Ryan Singer, economist at the San Diego Regional Chamber of Commerce, warned that the economy is likely to worsen in coming months, as high fuel costs and rising mortgage rates force consumers to cut their spending.
“We’re entering a period of risk for the national economy, which will show up here as well,” he said. “Energy-related prices, higher interest rates and the growing realization that housing prices may have peaked means that people will get a lot more cautious.”
Mish, is this California “soft spot” just for San Diego?
No, not really. Here is more supporting evidence.
According to the LA Times, California Sheds 23,700 Jobs in September.
California’s economy lost a net 23,700 jobs in September, the Labor Department said today, a surprising decline that suggested the state’s economy might have hit a soft patch.
It was the state’s first net job loss since December 2004. And it came as the state has been enjoying relatively stable employment growth this year, averaging more than 23,000 new jobs a month after being sluggish for much of the first three years after the 2001 recession.
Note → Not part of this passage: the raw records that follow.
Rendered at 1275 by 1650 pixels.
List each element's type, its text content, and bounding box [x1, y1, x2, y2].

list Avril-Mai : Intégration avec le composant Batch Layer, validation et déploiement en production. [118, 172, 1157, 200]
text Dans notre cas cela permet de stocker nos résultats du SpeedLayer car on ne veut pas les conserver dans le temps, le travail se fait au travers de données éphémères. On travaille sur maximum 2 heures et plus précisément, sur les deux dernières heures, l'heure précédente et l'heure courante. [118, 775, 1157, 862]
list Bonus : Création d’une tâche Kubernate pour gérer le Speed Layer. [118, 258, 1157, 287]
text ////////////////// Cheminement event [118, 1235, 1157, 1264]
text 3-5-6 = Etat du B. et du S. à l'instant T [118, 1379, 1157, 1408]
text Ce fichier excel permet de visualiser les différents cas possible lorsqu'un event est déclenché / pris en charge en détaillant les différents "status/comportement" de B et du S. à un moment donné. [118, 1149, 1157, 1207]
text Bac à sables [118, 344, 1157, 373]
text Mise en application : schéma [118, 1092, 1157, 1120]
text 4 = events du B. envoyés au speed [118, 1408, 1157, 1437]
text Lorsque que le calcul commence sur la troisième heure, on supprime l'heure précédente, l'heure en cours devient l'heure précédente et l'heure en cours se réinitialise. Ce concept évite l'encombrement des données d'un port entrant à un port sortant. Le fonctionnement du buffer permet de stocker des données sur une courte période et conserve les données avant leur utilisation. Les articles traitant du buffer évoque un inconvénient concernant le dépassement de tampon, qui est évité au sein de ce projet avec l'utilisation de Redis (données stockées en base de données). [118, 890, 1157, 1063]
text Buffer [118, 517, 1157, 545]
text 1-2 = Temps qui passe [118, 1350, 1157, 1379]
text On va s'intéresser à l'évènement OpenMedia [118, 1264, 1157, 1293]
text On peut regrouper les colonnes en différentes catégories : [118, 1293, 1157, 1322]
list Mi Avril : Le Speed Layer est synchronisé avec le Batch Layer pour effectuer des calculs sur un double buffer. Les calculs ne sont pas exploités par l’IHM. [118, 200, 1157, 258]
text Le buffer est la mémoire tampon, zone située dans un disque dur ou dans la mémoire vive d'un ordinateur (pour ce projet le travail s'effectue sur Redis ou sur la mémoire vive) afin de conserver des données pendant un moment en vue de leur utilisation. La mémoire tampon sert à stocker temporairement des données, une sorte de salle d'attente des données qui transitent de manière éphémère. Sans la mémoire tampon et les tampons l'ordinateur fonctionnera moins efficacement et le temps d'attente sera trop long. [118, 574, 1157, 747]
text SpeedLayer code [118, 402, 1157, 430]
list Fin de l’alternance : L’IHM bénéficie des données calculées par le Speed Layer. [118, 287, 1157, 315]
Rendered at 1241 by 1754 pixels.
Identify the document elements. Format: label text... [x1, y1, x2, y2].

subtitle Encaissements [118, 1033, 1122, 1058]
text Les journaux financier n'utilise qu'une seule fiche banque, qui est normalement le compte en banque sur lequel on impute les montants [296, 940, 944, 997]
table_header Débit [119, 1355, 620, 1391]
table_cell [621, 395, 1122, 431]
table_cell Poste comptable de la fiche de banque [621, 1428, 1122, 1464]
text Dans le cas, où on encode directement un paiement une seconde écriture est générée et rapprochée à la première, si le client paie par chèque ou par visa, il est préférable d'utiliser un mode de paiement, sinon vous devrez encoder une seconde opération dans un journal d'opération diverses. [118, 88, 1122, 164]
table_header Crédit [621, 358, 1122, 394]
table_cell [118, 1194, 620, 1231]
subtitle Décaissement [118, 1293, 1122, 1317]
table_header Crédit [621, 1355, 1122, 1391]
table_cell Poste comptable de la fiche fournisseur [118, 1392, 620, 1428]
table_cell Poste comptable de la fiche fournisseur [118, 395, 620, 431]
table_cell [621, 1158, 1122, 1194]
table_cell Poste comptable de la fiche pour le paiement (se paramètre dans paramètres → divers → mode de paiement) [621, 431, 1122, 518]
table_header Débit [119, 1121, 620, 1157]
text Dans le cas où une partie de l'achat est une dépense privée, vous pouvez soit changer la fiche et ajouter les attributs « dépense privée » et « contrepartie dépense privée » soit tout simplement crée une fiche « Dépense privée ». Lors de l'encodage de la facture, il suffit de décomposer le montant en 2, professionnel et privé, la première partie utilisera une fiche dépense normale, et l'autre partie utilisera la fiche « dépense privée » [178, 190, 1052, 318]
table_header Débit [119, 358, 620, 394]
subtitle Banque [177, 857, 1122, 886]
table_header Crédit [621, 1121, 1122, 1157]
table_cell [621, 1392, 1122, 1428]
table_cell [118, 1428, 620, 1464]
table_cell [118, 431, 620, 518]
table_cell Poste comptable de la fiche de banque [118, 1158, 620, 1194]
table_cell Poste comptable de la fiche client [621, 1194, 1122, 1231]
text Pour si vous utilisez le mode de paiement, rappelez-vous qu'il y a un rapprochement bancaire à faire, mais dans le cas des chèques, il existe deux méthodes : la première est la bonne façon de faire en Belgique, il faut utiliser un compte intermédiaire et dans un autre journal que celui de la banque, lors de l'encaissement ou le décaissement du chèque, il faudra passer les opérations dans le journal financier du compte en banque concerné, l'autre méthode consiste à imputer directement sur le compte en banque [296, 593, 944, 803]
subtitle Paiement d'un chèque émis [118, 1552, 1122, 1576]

California’s September job swoon was surpassed only by Louisiana and Mississippi, both devastated by Hurricane Katrina.
A good chunk of the California decline was due to seasonal factors, economists said. Many school districts started their years in August instead of September, which shifted employment growth from September to August, said Howard Roth, chief economist for the state Department of Finance. August employment was revised upward by a hefty 22,600 jobs as a result, he said.
But even after factoring in that shift, the state’s job growth in September was still relatively sluggish compared to recent months, Roth said. “It’s a fairly weak report.” He suggested that higher gasoline prices might have taken a toll on hiring, but it would take several months of poor job reports before anyone could conclude that the state’s economy was slowing significantly.
Other economists and employment specialists said the state’s job market was stronger than the latest numbers suggested.
“We don’t see any reason to panic,” said Jesse Harriot, vice president of research for Monster Worldwide, a leading online job search firm. He noted strong demand in the Los Angeles area for jobs in such sectors as aerospace, manufacturing and construction.
Hardly anyone ever sees a need to panic. By the time anyone does, everyone does, then it is usually too late. Just remember, the best time to panic is before everyone else does.